Biography
Guillaume Caron-Maus is a visual artist, oil painter, draftsman, computer enthusiast, and technology lover born in Oise (60) in 1992. He currently lives and works in Val d'Oise (95). He spent a year studying Fine Arts in Beauvais before completing his university studies at the University of Paris VIII and earning his Master's degree in research, focused on line and color, in 2016.
He devotes himself to the pictorial study of color and realism.
Influences
Albrecht Durer, Paul Klee, Wassily Kandinsky, Keith Haring, Michel Giliberti, Olivier Ledroit... His studies have instilled in him a taste for knowledge and research; he enjoys drawing knowledge and techniques from wherever they are available and applying them in his work.
Guillaume reimagines the genre of portraiture through his relationships with contemporary digital tools; he aims to develop a new aspect of his practice. Indeed, there are plans to directly utilize digital tools through interdisciplinary projects starting in 2024. He generally aligns himself with a movement of contemporary realism.
Artistic Approach
Guillaume Caron-Maus questions the relationships individuals have with technology. The relationship with the world, the environment, and nature are at the center of his artistic approach. His pictorial language resorts, among other things, to the prism of Virtual Reality and the inevitable disconnection from reality, the biased vision of what surrounds the user, in order to deepen the subjects of his compositions.

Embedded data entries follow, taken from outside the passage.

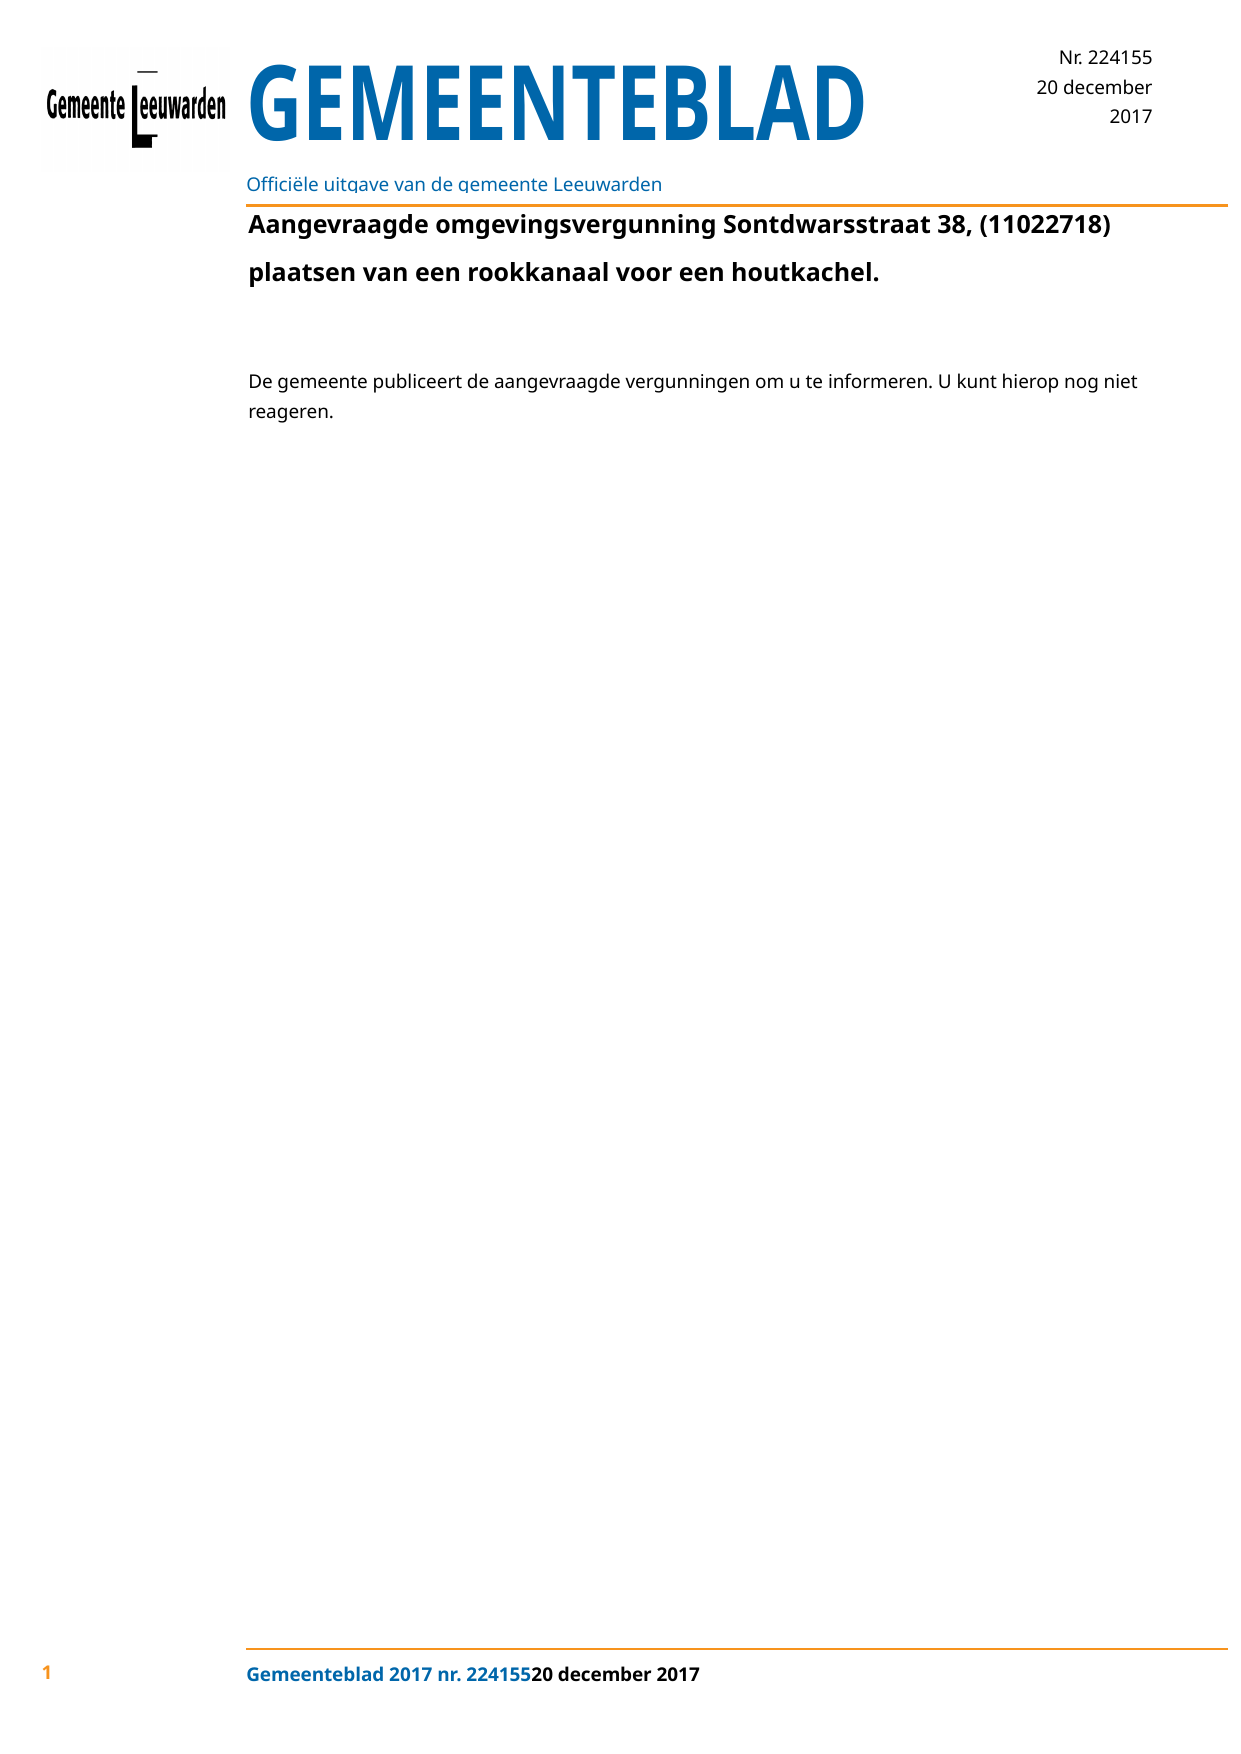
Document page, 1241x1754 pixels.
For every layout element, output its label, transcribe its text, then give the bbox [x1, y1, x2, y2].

text Aangevraagde omgevingsvergunning Sontdwarsstraat 38, (11022718) plaatsen van een rookkanaal voor een houtkachel. [248, 207, 1152, 288]
picture [41, 47, 231, 172]
text De gemeente publiceert de aangevraagde vergunningen om u te informeren. U kunt hierop nog niet reageren. [248, 368, 1152, 424]
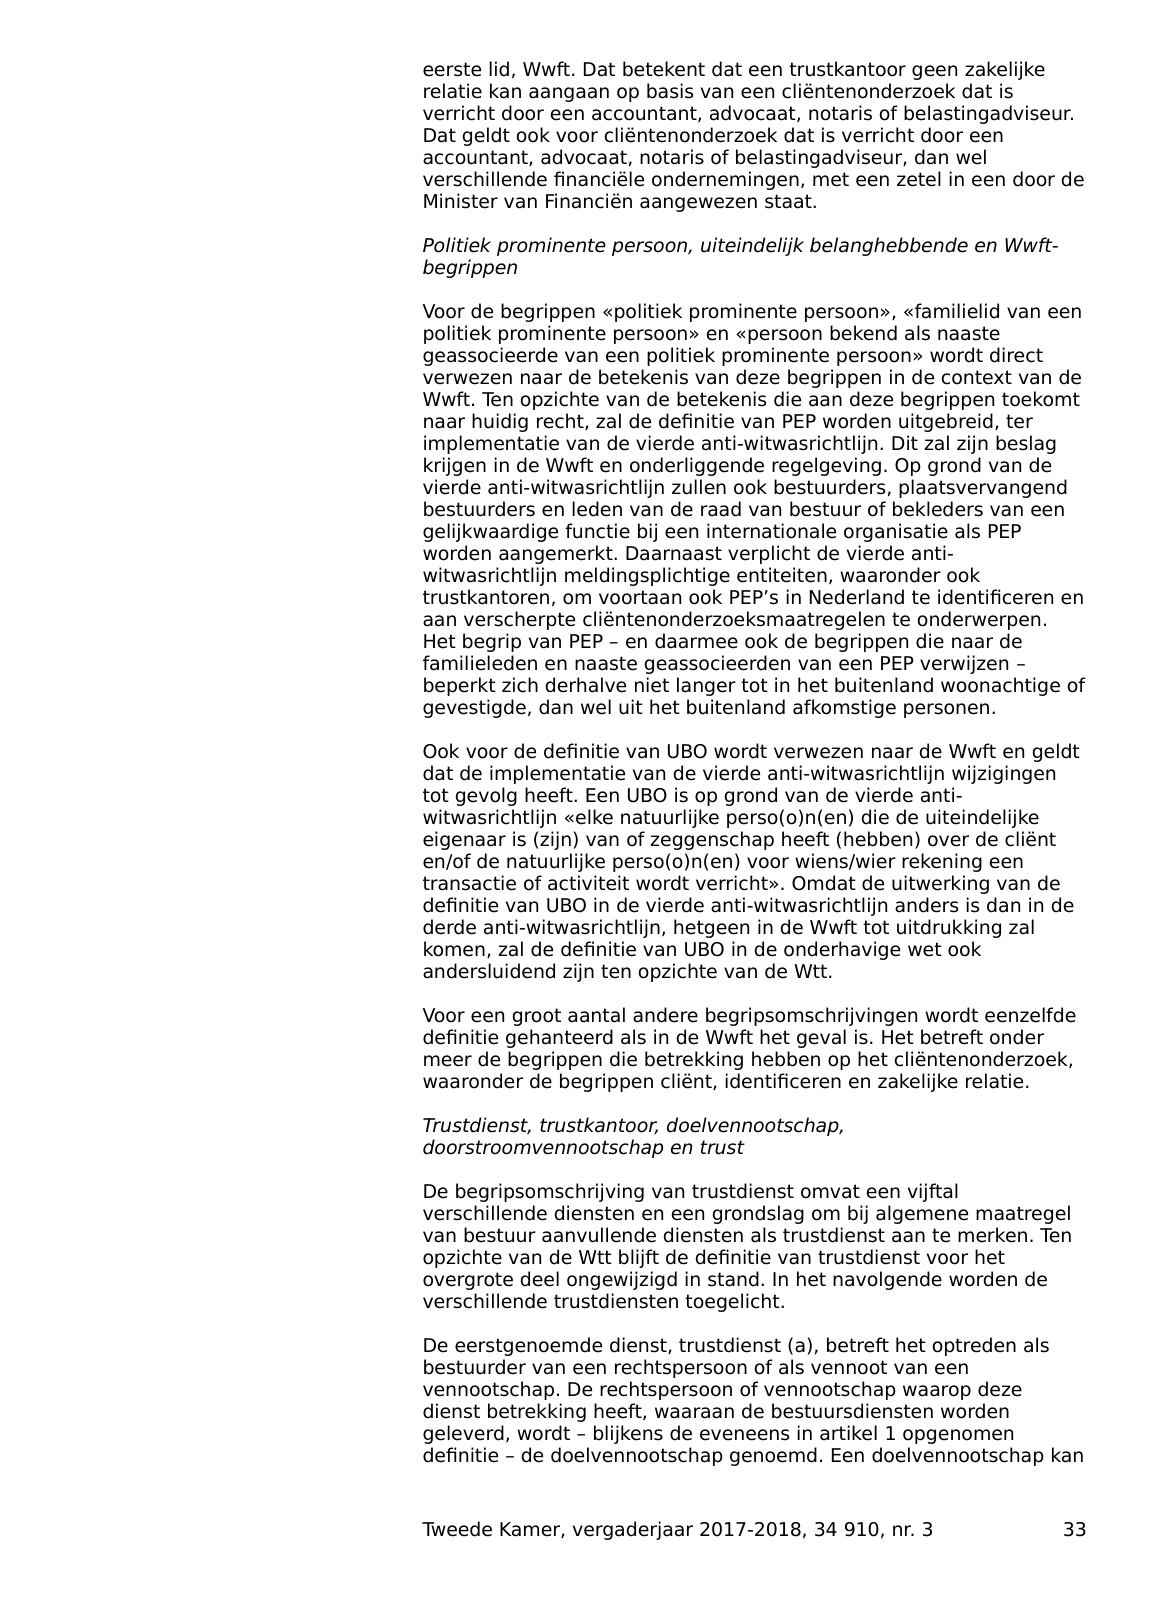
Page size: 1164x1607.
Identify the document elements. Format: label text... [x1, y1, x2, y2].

text De begripsomschrijving van trustdienst omvat een vijftal verschillende diensten en een grondslag om bij algemene maatregel van bestuur aanvullende diensten als trustdienst aan te merken. Ten opzichte van de Wtt blijft de definitie van trustdienst voor het overgrote deel ongewijzigd in stand. In het navolgende worden de verschillende trustdiensten toegelicht. [422, 1181, 1087, 1313]
text Ook voor de definitie van UBO wordt verwezen naar de Wwft en geldt dat de implementatie van de vierde anti-witwasrichtlijn wijzigingen tot gevolg heeft. Een UBO is op grond van de vierde anti-witwasrichtlijn «elke natuurlijke perso(o)n(en) die de uiteindelijke eigenaar is (zijn) van of zeggenschap heeft (hebben) over de cliënt en/of de natuurlijke perso(o)n(en) voor wiens/wier rekening een transactie of activiteit wordt verricht». Omdat de uitwerking van de definitie van UBO in de vierde anti-witwasrichtlijn anders is dan in de derde anti-witwasrichtlijn, hetgeen in de Wwft tot uitdrukking zal komen, zal de definitie van UBO in de onderhavige wet ook andersluidend zijn ten opzichte van de Wtt. [422, 741, 1087, 983]
text Voor een groot aantal andere begripsomschrijvingen wordt eenzelfde definitie gehanteerd als in de Wwft het geval is. Het betreft onder meer de begrippen die betrekking hebben op het cliëntenonderzoek, waaronder de begrippen cliënt, identificeren en zakelijke relatie. [422, 1005, 1087, 1093]
text De eerstgenoemde dienst, trustdienst (a), betreft het optreden als bestuurder van een rechtspersoon of als vennoot van een vennootschap. De rechtspersoon of vennootschap waarop deze dienst betrekking heeft, waaraan de bestuursdiensten worden geleverd, wordt – blijkens de eveneens in artikel 1 opgenomen definitie – de doelvennootschap genoemd. Een doelvennootschap kan [422, 1335, 1087, 1467]
text eerste lid, Wwft. Dat betekent dat een trustkantoor geen zakelijke relatie kan aangaan op basis van een cliëntenonderzoek dat is verricht door een accountant, advocaat, notaris of belastingadviseur. Dat geldt ook voor cliëntenonderzoek dat is verricht door een accountant, advocaat, notaris of belastingadviseur, dan wel verschillende financiële ondernemingen, met een zetel in een door de Minister van Financiën aangewezen staat. [422, 59, 1087, 213]
text Voor de begrippen «politiek prominente persoon», «familielid van een politiek prominente persoon» en «persoon bekend als naaste geassocieerde van een politiek prominente persoon» wordt direct verwezen naar de betekenis van deze begrippen in de context van de Wwft. Ten opzichte van de betekenis die aan deze begrippen toekomt naar huidig recht, zal de definitie van PEP worden uitgebreid, ter implementatie van de vierde anti-witwasrichtlijn. Dit zal zijn beslag krijgen in de Wwft en onderliggende regelgeving. Op grond van de vierde anti-witwasrichtlijn zullen ook bestuurders, plaatsvervangend bestuurders en leden van de raad van bestuur of bekleders van een gelijkwaardige functie bij een internationale organisatie als PEP worden aangemerkt. Daarnaast verplicht de vierde anti-witwasrichtlijn meldingsplichtige entiteiten, waaronder ook trustkantoren, om voortaan ook PEP’s in Nederland te identificeren en aan verscherpte cliëntenonderzoeksmaatregelen te onderwerpen. Het begrip van PEP – en daarmee ook de begrippen die naar de familieleden en naaste geassocieerden van een PEP verwijzen – beperkt zich derhalve niet langer tot in het buitenland woonachtige of gevestigde, dan wel uit het buitenland afkomstige personen. [422, 301, 1087, 719]
subtitle Politiek prominente persoon, uiteindelijk belanghebbende en Wwft-begrippen [422, 235, 1087, 279]
subtitle Trustdienst, trustkantoor, doelvennootschap, doorstroomvennootschap en trust [422, 1115, 1087, 1159]

His work highlights both the negative and positive aspects that result from the relationship between the human species and its environment. He naturally maintains a very strong connection with the animal and plant world; portraits of animals punctuate his journey. He enjoys representing and revealing the beauty of nature.
He also explores futuristic and science-fictional universes through his dystopias. His scenes where individuals wearing helmets move in an environment with mostly abstract colors respond to this dystopian orientation.
There is a desire to show other universes, other worlds, other realities; color being the preferred vehicle of these "Others," within which wandering is the theme addressed. Wandering as a passive driver of chromatic exploration.
Pictorial Language
He resorts to portraiture to emphasize his discourse through the individuals represented: these are as many witnesses who find themselves spectators of a real or unreal environment. Are they avatars within virtual worlds? Are they individuals immersed in an alternative reality?
Furthermore, Guillaume is constantly searching to renew his pictorial language; thus, the aesthetics of his works can take on a polymorphic veil. This reflects the need to explore new angles and facets of reality through the use of color specific to each.
Figurative Work
He focuses on the study and work of local color within heterogeneous compositions and at several levels of interpretation: portraits of anonymous people wearing VR headsets, representations of a ravaged nature, the impact of pollution on animal and human life... These works lead us both to contemplation and reflection, to question our actions, our behaviors, our society.